Построение выравнивания представителей домена с разной доменной архитектурой
Таблица 1. Описание выбранного домена Pfam
ID | TAF |
AC | PF02969 |
Функция | TAF (Фактор, ассоциированный со связывающим TATA-бокс белком) - один из компонентов комплекса транскрипционного фактора IID. Примечательная особенность - имеет гистоноподобную укладку. |
Ссылка на страницу домена | Здесь |
Ссылка на список архитектур | Известно 18 архитектур |
Выбор и описание архитектур
Было выбрано две архитектуры: TAF, TAF6_C (I) - второй домен полностью называется TAF6 C-концевой домен с HEAT-повторами.

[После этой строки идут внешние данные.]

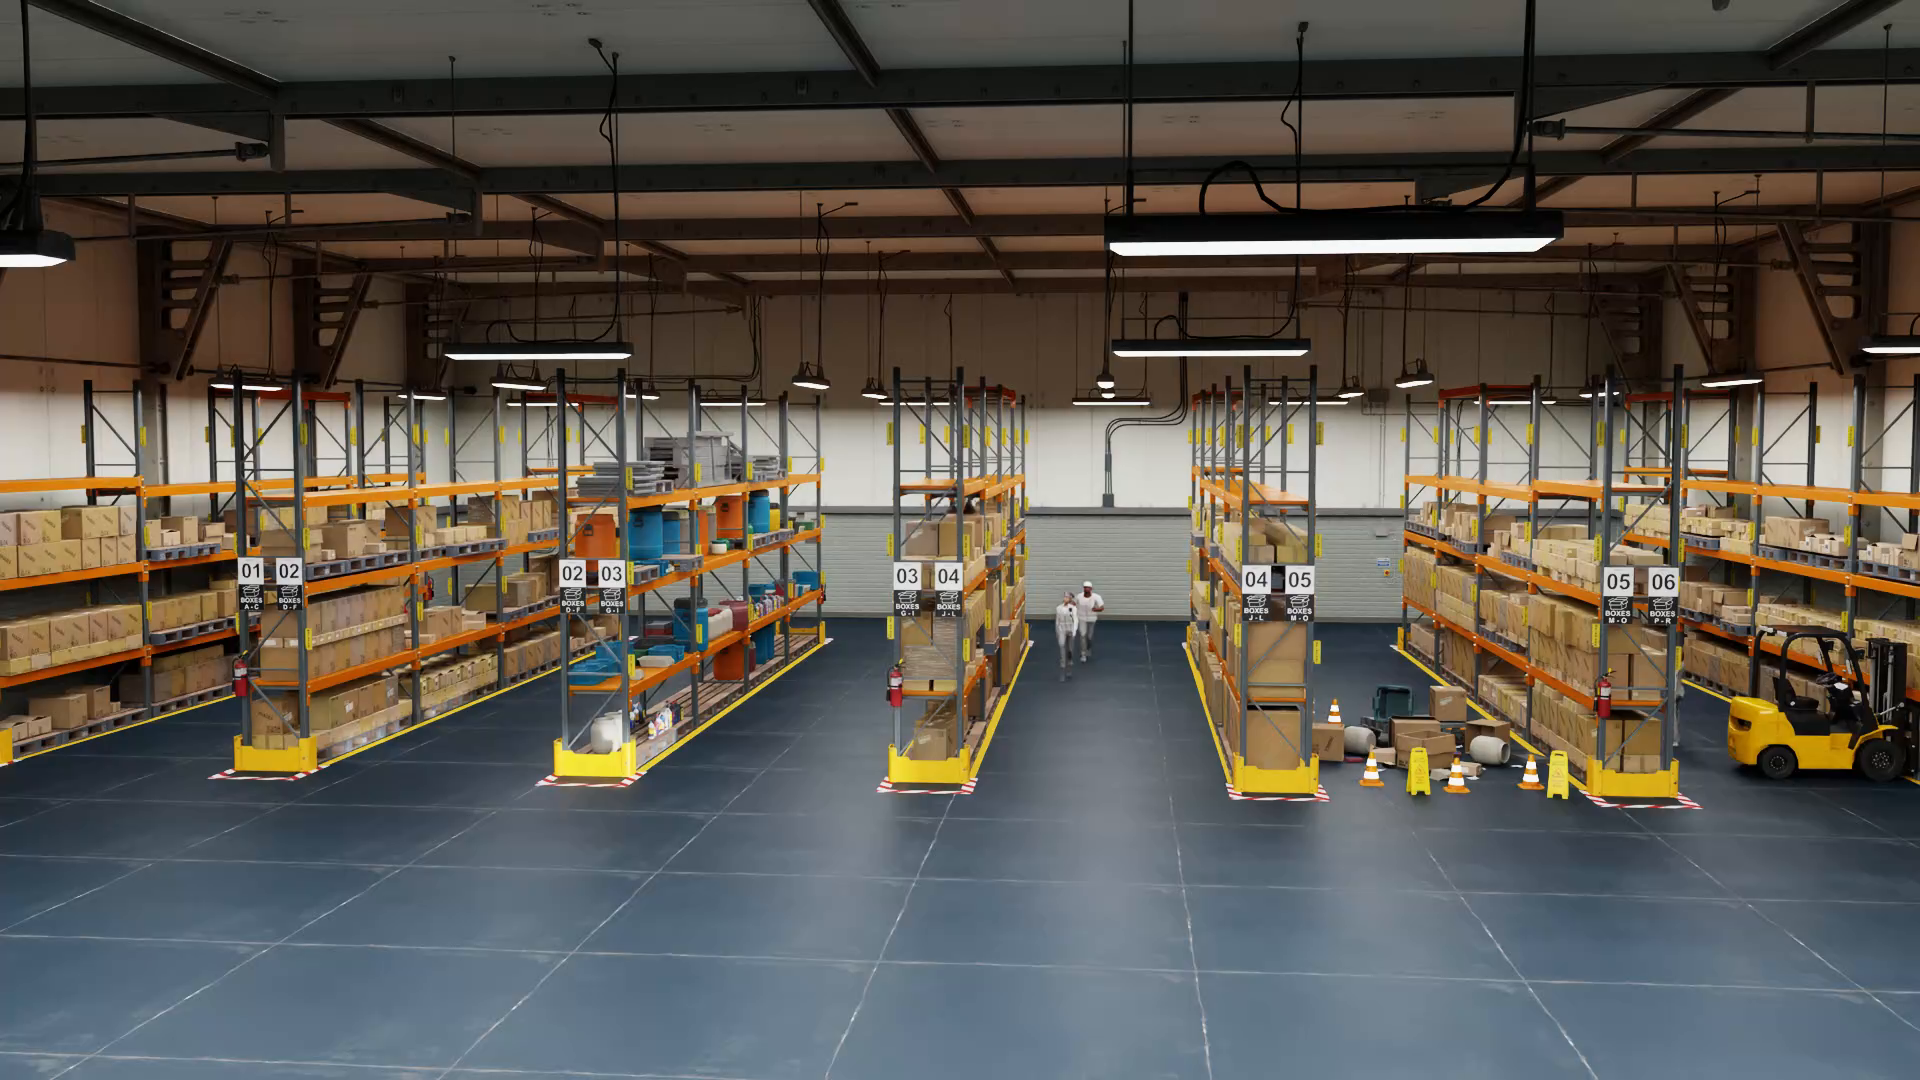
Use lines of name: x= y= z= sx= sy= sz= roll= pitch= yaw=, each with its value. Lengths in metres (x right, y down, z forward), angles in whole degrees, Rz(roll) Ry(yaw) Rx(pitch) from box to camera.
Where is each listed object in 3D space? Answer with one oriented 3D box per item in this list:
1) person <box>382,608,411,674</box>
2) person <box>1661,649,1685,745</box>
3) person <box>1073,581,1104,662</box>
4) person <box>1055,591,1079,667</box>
person: x=-11.954 y=1.985 z=35.087 sx=0.728 sy=1.677 sz=1.072 roll=0 pitch=4 yaw=2
person: x=11.618 y=2.526 z=27.110 sx=0.421 sy=1.588 sz=0.535 roll=-2 pitch=4 yaw=-27
person: x=2.862 y=1.789 z=37.072 sx=0.704 sy=1.737 sz=1.016 roll=0 pitch=4 yaw=3
person: x=2.195 y=1.832 z=34.169 sx=0.480 sy=1.585 sz=0.987 roll=0 pitch=4 yaw=2

HEAT-повторы образуют по две альфа-спирали, связанные короткой петлей. В домене TAF6_С находится 5 HEAT-повторов. TAF6_С участвует во взаимодействии субъединиц TFIID. Вторая архитектура (II) состоит из единственного домена TAF.
Рис.1. Изображение архитектуры I. Малиновым отмечен домен TAF6_C
Рис.2. Изображение архитектуры II.
Извлечение информации обо всех белках, содержащих домен TAF:
python swisspfam-to-xls.py -z -i /srv/databases/pfam/swisspfam.gz -p PF02969 -o res_pfam.xls
Получение информации таксонах, которым принадлежат белки с помощью информации, взятой из базы данных UniProt:
python uniprot-to-taxonomy.py -i uniprot.txt -o taxa.xls
Каждой последовательности был сопоставлен таксон с помощью функции VLOOKUP(), указаны длины доменов, а также было выбрано по 20 последовательностей каждой архитектуры в каждом таксоне (Metazoa и Fungi, список на листе ref_f). После этого последовательности из списка были извлечены из общего выравнивания командов:
python filter-alignment.py -i PF02969_full.fasta -s -m ids.txt -o selected_TAF.fasta
К каждому идентификатору последовательности были добавлены префиксы с помощью , после этого были построены деревья методом Maximum Likelihood в программе MEGA 7. Также выравнивание было сделано заново с помощью алгоритма Muscle в программе AliViewer.
Ссылка на проект с выравниваниями. Содержит выравнивание, выбранное из Pfam (selected_TAFp.fasta); выравнивание, сделанное заново (realign_TAFp.fasta) и структуру белка TAF6_DROME.
Ссылка на дерево, построенное методом Maximum Likelihood на основе выравнивания из базы Pfam.
Ссылка на консенсусное дерево, построенное с помощью бутстрепа предыдущего.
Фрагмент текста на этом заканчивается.